Chapter 2
2
MARI
I thrashed against the twin logs of pure muscle hefting me over the forest floor while for the second time in my life, a giant of a man kidnapped me. This time, my giant had kind forest-green eyes and spoke in riddles my mind couldn’t untangle, though it did protest that I needed to run and run and run.
Dregs of adrenaline coursed through my body, though my hands shook against his back. The hit diluted my fear until I exhausted my supply, leaving me useless and filthy, unable to protect myself from whatever came at me next.
Not that I’d been able to protect myself in the first place, reduced to a fleeing mess the moment he dumped me onto the forest floor. My brain still screamed at me to run, but my body crashed against its fresh imprisonment.
Wanting to believe that warmth equated with safety, though I knew better.

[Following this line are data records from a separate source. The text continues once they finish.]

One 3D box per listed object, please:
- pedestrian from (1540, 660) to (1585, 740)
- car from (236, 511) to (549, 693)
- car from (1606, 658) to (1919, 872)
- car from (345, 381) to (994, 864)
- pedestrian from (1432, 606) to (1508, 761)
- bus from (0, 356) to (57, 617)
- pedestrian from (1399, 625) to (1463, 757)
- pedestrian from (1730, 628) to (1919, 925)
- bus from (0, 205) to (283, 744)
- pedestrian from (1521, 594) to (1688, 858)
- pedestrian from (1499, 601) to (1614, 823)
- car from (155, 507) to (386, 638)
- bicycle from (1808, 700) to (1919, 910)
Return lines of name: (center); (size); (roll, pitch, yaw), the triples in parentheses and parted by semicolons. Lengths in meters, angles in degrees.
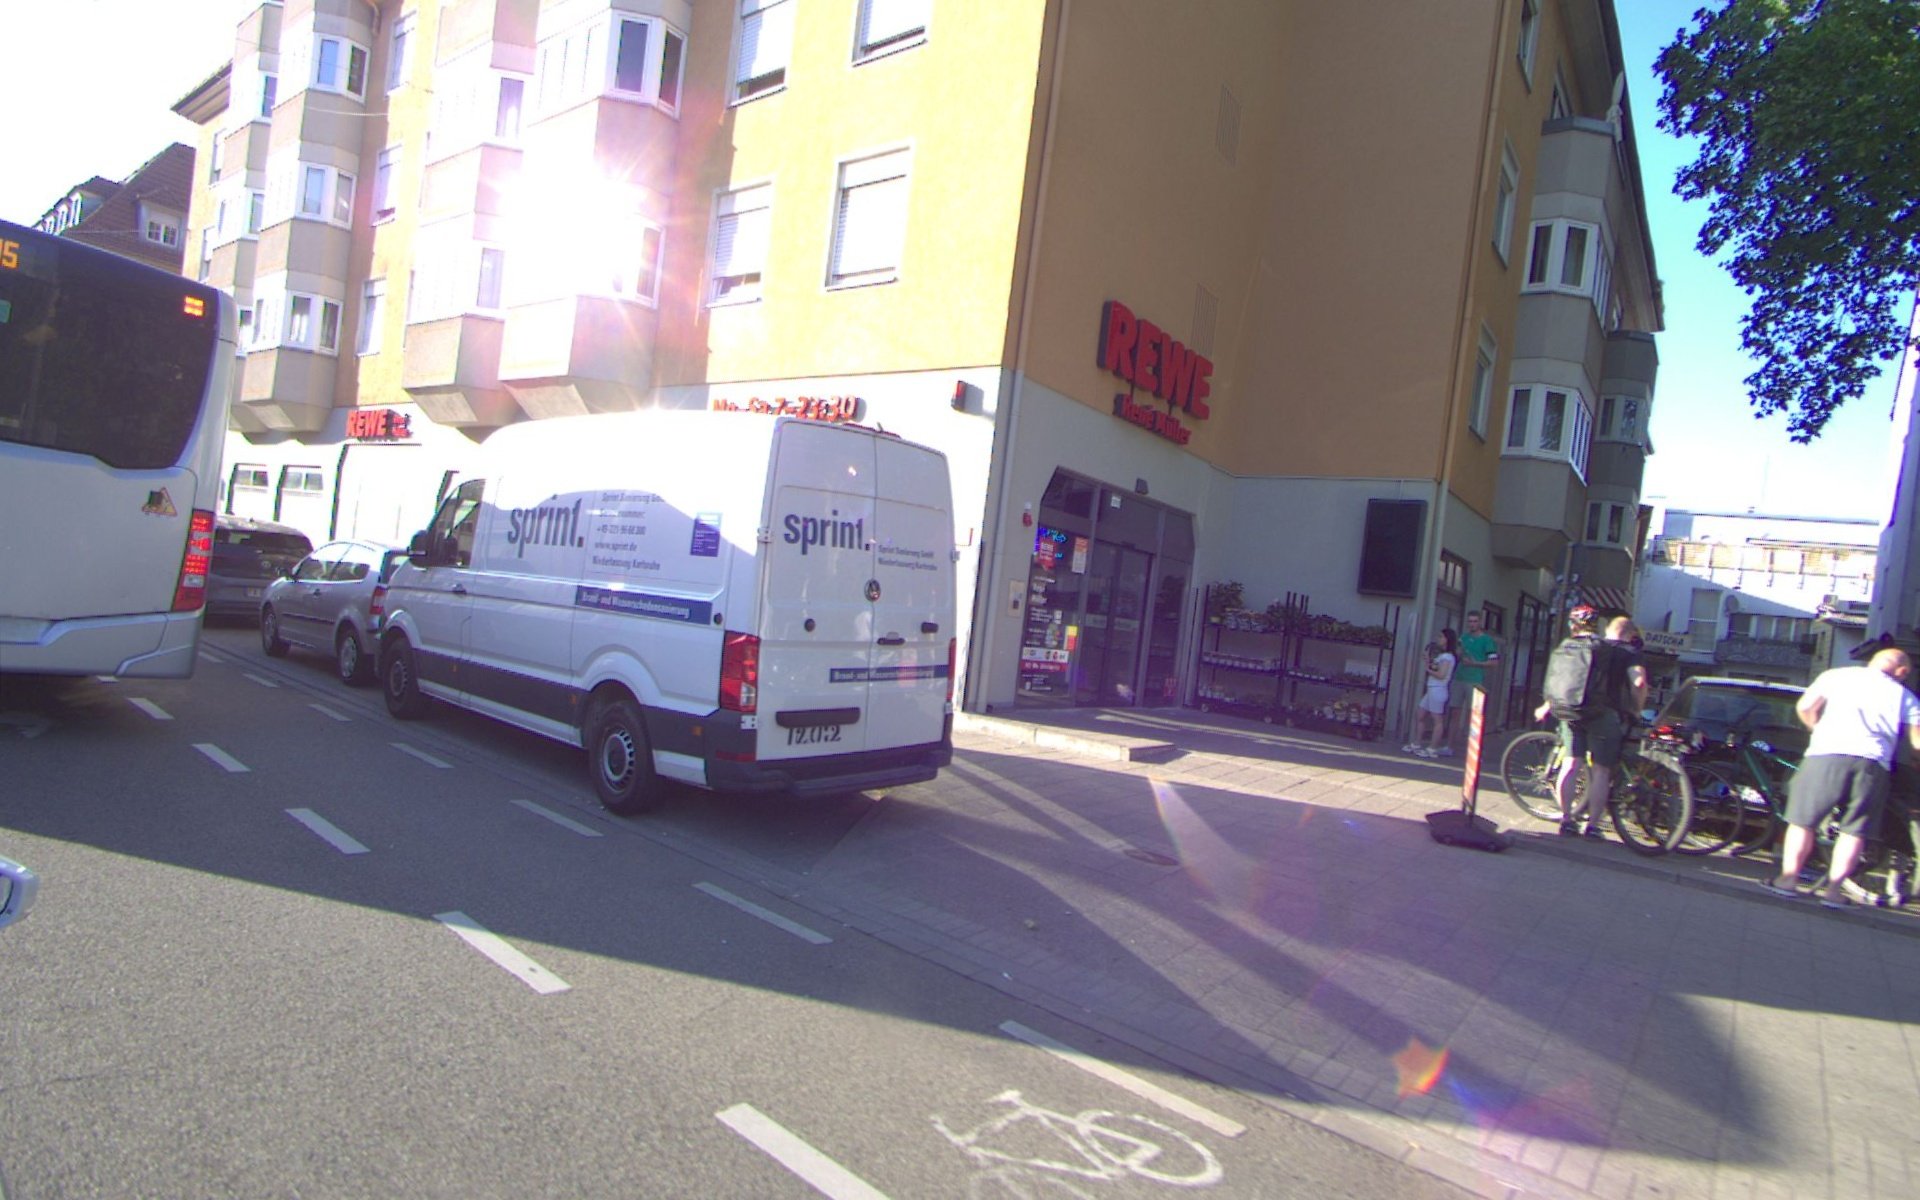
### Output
pedestrian: (12.572, 2.081, 20.982); (0.588, 1.561, 0.742); (7, 1, 37)
car: (-6.547, -0.023, 11.461); (3.731, 1.608, 1.836); (7, 0, 40)
car: (7.674, 1.426, 9.718); (1.972, 1.449, 4.011); (3, -2, 38)
car: (-2.670, -0.085, 7.973); (5.701, 2.586, 2.012); (7, 4, 40)
pedestrian: (6.556, 1.055, 12.954); (0.465, 1.905, 0.575); (6, 1, -1)
bus: (-15.619, -1.869, 14.269); (9.000, 3.092, 2.737); (7, -1, 40)
pedestrian: (5.939, 1.123, 12.712); (0.413, 1.587, 0.639); (7, 1, 10)
pedestrian: (5.641, 1.063, 6.363); (0.974, 1.659, 0.658); (8, 5, 32)
bus: (-8.946, -1.096, 8.575); (8.726, 3.092, 2.737); (7, -1, 40)
pedestrian: (4.812, 0.891, 7.510); (0.757, 1.776, 0.804); (9, 5, 40)
pedestrian: (5.189, 0.942, 8.765); (0.640, 1.807, 0.527); (8, 5, 32)
car: (-10.758, -0.471, 15.590); (4.169, 1.556, 1.836); (7, 0, 40)
bicycle: (6.254, 1.342, 6.329); (0.396, 1.242, 1.520); (6, 0, 0)

My new mountain man walked for long minutes through a snow-laden forest I barely saw, his stride blurring into an unmeasurable time, my body torn between memory and reality. Pins and needles assaulted my toes as he rubbed feeling back into my limbs that twitched about on their own with renewed circulation.
I supposed I should be thankful, but instead I added the pain to my current catalog of bodily hurts that overwhelmed every sense while I tried to match my reality with my past and came up with a whole lot of confusion I couldn’t unravel.
And so I hung across his shoulder, my body giving pitiful jerks in the arms of the giant who carried me, too-late reactions to a trauma no longer fresh.
The behemoth ignored my feeble efforts to wriggle free as though I were no more than a flea on a mangy dog’s back. A horrendously strong and wild dog. I noted the beauty of both my captor and our surroundings in a disconnect. Beneath his jacket, my skin numbed, but instead of running cold, I blazed as with an injection of anesthetic, sweltering against his rough shirt.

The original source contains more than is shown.